▶ [Provided records]:
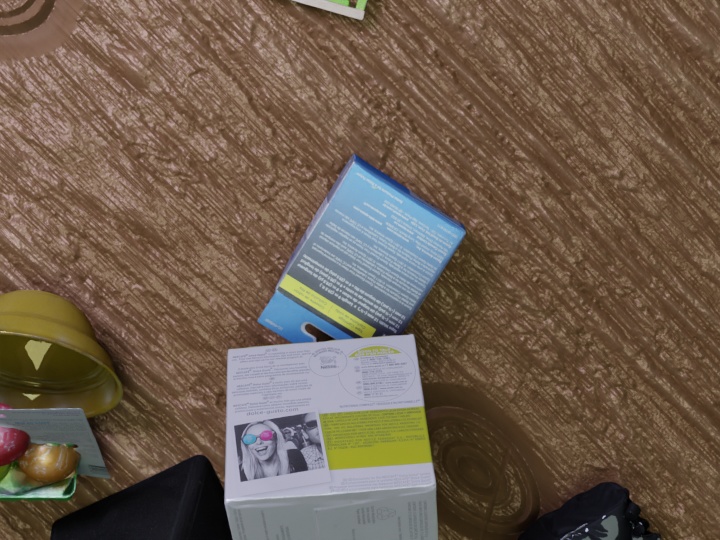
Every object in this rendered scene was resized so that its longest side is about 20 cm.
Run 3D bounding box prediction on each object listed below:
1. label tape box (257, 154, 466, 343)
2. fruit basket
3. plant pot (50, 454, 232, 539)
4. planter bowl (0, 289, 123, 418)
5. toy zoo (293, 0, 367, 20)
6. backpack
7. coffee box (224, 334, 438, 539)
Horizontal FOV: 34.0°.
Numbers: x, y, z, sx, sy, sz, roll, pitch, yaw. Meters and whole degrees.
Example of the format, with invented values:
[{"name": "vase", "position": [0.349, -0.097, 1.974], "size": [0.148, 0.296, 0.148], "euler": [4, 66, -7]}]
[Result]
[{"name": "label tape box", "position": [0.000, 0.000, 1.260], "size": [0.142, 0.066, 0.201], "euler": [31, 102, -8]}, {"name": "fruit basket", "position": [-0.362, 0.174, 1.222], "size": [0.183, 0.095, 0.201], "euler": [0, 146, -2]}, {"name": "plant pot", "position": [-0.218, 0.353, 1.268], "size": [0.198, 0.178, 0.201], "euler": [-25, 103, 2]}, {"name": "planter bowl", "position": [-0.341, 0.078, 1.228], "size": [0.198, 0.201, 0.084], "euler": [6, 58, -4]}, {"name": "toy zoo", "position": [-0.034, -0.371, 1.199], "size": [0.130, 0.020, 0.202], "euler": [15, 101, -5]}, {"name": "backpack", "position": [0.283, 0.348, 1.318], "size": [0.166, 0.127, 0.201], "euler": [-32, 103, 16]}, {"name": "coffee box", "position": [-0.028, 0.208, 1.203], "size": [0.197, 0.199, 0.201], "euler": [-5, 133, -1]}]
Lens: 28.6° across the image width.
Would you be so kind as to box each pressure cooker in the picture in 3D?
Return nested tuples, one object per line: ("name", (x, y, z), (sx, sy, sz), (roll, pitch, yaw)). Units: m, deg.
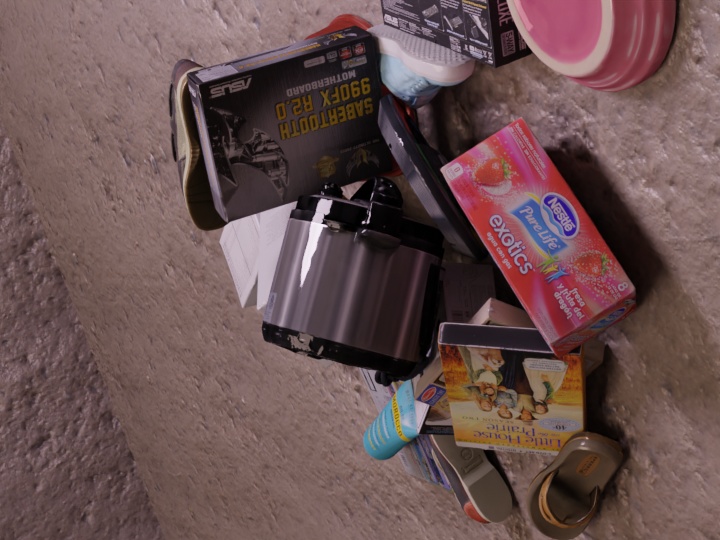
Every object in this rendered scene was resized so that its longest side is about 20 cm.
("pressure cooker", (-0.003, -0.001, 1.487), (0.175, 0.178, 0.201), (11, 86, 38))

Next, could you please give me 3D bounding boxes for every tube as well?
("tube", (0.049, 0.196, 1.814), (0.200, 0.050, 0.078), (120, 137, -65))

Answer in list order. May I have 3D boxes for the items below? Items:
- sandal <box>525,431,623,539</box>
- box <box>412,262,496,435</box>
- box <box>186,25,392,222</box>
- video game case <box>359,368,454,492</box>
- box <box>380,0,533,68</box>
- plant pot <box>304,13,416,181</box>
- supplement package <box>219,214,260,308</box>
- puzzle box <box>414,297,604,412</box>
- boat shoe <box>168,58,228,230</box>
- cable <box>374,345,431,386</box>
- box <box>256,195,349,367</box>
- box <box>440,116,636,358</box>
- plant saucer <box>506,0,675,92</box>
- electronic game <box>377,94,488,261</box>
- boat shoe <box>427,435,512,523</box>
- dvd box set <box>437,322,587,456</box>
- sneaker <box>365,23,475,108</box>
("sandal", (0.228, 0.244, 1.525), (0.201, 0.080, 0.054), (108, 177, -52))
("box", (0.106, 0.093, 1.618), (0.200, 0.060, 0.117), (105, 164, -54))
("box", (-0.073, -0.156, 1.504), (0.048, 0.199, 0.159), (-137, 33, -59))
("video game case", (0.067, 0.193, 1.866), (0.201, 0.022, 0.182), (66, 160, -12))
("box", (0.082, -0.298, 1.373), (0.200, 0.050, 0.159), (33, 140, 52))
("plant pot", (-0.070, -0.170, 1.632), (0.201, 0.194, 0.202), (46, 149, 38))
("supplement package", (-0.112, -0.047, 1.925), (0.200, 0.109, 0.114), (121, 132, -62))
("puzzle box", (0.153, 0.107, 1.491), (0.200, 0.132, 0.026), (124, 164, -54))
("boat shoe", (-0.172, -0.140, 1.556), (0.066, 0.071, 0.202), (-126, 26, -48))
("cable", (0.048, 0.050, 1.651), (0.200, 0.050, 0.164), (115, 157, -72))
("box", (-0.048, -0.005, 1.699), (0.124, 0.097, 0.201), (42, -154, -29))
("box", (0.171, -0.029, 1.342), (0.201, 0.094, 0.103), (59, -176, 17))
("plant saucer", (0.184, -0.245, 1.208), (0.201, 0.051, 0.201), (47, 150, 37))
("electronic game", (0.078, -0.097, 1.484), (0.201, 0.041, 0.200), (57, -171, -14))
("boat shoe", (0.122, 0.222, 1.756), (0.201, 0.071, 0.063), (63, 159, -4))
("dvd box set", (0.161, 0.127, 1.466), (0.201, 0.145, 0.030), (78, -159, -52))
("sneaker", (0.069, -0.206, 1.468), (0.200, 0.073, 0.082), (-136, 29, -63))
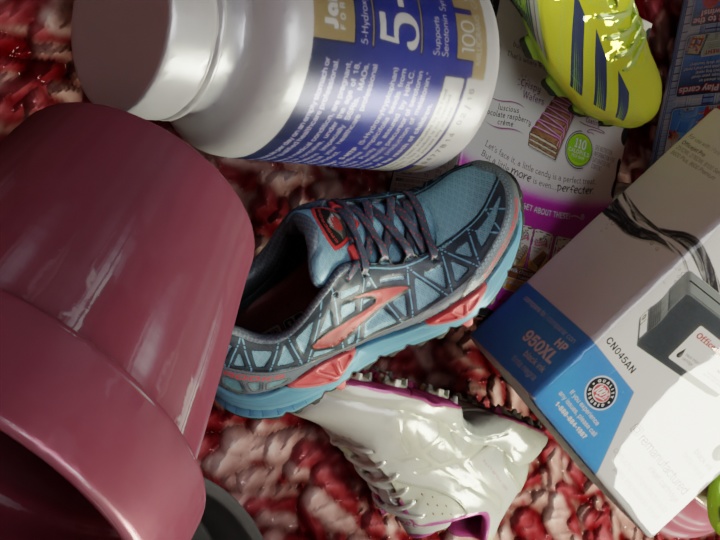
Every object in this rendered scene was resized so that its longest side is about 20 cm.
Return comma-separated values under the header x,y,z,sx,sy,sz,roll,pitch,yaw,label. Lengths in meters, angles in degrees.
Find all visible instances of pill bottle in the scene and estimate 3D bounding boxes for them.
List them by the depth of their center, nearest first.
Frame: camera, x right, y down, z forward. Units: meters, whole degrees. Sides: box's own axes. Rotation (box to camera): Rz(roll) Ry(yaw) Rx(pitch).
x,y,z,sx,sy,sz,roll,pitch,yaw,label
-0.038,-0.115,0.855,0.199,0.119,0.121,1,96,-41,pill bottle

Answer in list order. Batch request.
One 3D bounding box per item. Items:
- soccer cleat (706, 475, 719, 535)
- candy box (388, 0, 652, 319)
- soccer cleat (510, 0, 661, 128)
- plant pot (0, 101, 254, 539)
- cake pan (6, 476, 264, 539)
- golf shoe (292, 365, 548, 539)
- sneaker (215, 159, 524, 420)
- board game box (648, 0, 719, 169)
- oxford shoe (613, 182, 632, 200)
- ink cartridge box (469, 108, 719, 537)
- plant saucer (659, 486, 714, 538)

▶ [What is needed]:
The entries above are to be copied exactly, with every picture left out.

▶ [Exercise answer]:
Every object in this rendered scene was resized so that its longest side is about 20 cm.
Run 3D bounding box prediction on each object listed below:
1. label tape box (257, 154, 466, 343)
2. fruit basket
3. plant pot (50, 454, 232, 539)
4. planter bowl (0, 289, 123, 418)
5. toy zoo (293, 0, 367, 20)
6. backpack
7. coffee box (224, 334, 438, 539)
Horizontal FOV: 34.0°.
Numbers: x, y, z, sx, sy, sz, roll, pitch, yaw. Meters and whole degrees.
Example of the format, with invented values:
[{"name": "vase", "position": [0.349, -0.097, 1.974], "size": [0.148, 0.296, 0.148], "euler": [4, 66, -7]}]
[Result]
[{"name": "label tape box", "position": [0.000, 0.000, 1.260], "size": [0.142, 0.066, 0.201], "euler": [31, 102, -8]}, {"name": "fruit basket", "position": [-0.362, 0.174, 1.222], "size": [0.183, 0.095, 0.201], "euler": [0, 146, -2]}, {"name": "plant pot", "position": [-0.218, 0.353, 1.268], "size": [0.198, 0.178, 0.201], "euler": [-25, 103, 2]}, {"name": "planter bowl", "position": [-0.341, 0.078, 1.228], "size": [0.198, 0.201, 0.084], "euler": [6, 58, -4]}, {"name": "toy zoo", "position": [-0.034, -0.371, 1.199], "size": [0.130, 0.020, 0.202], "euler": [15, 101, -5]}, {"name": "backpack", "position": [0.283, 0.348, 1.318], "size": [0.166, 0.127, 0.201], "euler": [-32, 103, 16]}, {"name": "coffee box", "position": [-0.028, 0.208, 1.203], "size": [0.197, 0.199, 0.201], "euler": [-5, 133, -1]}]
Lens: 28.6° across the image width.
Would you be so kind as to box each pressure cooker in the picture in 3D?
Return nested tuples, one object per line: ("name", (x, y, z), (sx, sy, sz), (roll, pitch, yaw)). Units: m, deg.
Every object in this rendered scene was resized so that its longest side is about 20 cm.
("pressure cooker", (-0.003, -0.001, 1.487), (0.175, 0.178, 0.201), (11, 86, 38))

Next, could you please give me 3D bounding boxes for every tube as well?
("tube", (0.049, 0.196, 1.814), (0.200, 0.050, 0.078), (120, 137, -65))

Answer in list order. May I have 3D boxes for the items below? Items:
- sandal <box>525,431,623,539</box>
- box <box>412,262,496,435</box>
- box <box>186,25,392,222</box>
- video game case <box>359,368,454,492</box>
- box <box>380,0,533,68</box>
- plant pot <box>304,13,416,181</box>
- supplement package <box>219,214,260,308</box>
- puzzle box <box>414,297,604,412</box>
- boat shoe <box>168,58,228,230</box>
- cable <box>374,345,431,386</box>
- box <box>256,195,349,367</box>
- box <box>440,116,636,358</box>
- plant saucer <box>506,0,675,92</box>
- electronic game <box>377,94,488,261</box>
- boat shoe <box>427,435,512,523</box>
- dvd box set <box>437,322,587,456</box>
- sneaker <box>365,23,475,108</box>
("sandal", (0.228, 0.244, 1.525), (0.201, 0.080, 0.054), (108, 177, -52))
("box", (0.106, 0.093, 1.618), (0.200, 0.060, 0.117), (105, 164, -54))
("box", (-0.073, -0.156, 1.504), (0.048, 0.199, 0.159), (-137, 33, -59))
("video game case", (0.067, 0.193, 1.866), (0.201, 0.022, 0.182), (66, 160, -12))
("box", (0.082, -0.298, 1.373), (0.200, 0.050, 0.159), (33, 140, 52))
("plant pot", (-0.070, -0.170, 1.632), (0.201, 0.194, 0.202), (46, 149, 38))
("supplement package", (-0.112, -0.047, 1.925), (0.200, 0.109, 0.114), (121, 132, -62))
("puzzle box", (0.153, 0.107, 1.491), (0.200, 0.132, 0.026), (124, 164, -54))
("boat shoe", (-0.172, -0.140, 1.556), (0.066, 0.071, 0.202), (-126, 26, -48))
("cable", (0.048, 0.050, 1.651), (0.200, 0.050, 0.164), (115, 157, -72))
("box", (-0.048, -0.005, 1.699), (0.124, 0.097, 0.201), (42, -154, -29))
("box", (0.171, -0.029, 1.342), (0.201, 0.094, 0.103), (59, -176, 17))
("plant saucer", (0.184, -0.245, 1.208), (0.201, 0.051, 0.201), (47, 150, 37))
("electronic game", (0.078, -0.097, 1.484), (0.201, 0.041, 0.200), (57, -171, -14))
("boat shoe", (0.122, 0.222, 1.756), (0.201, 0.071, 0.063), (63, 159, -4))
("dvd box set", (0.161, 0.127, 1.466), (0.201, 0.145, 0.030), (78, -159, -52))
("sneaker", (0.069, -0.206, 1.468), (0.200, 0.073, 0.082), (-136, 29, -63))
Every object in this rendered scene was resized so that its longest side is about 20 cm.
Return comma-separated values under the header x,y,z,sx,sy,sz,roll,pitch,yaw,label. Lengths in meters, angles in degrees.
Find all visible instances of pill bottle in the scene and estimate 3D bounding boxes for them.
List them by the depth of their center, nearest first.
Frame: camera, x right, y down, z forward. Units: meters, whole degrees. Sides: box's own axes. Rotation (box to camera): Rz(roll) Ry(yaw) Rx(pitch).
x,y,z,sx,sy,sz,roll,pitch,yaw,label
-0.038,-0.115,0.855,0.199,0.119,0.121,1,96,-41,pill bottle

Answer in list order. Batch request.
One 3D bounding box per item. Items:
- soccer cleat (706, 475, 719, 535)
- candy box (388, 0, 652, 319)
- soccer cleat (510, 0, 661, 128)
- plant pot (0, 101, 254, 539)
- cake pan (6, 476, 264, 539)
- golf shoe (292, 365, 548, 539)
- sneaker (215, 159, 524, 420)
- board game box (648, 0, 719, 169)
- oxford shoe (613, 182, 632, 200)
- ink cartridge box (469, 108, 719, 537)
- plant saucer (659, 486, 714, 538)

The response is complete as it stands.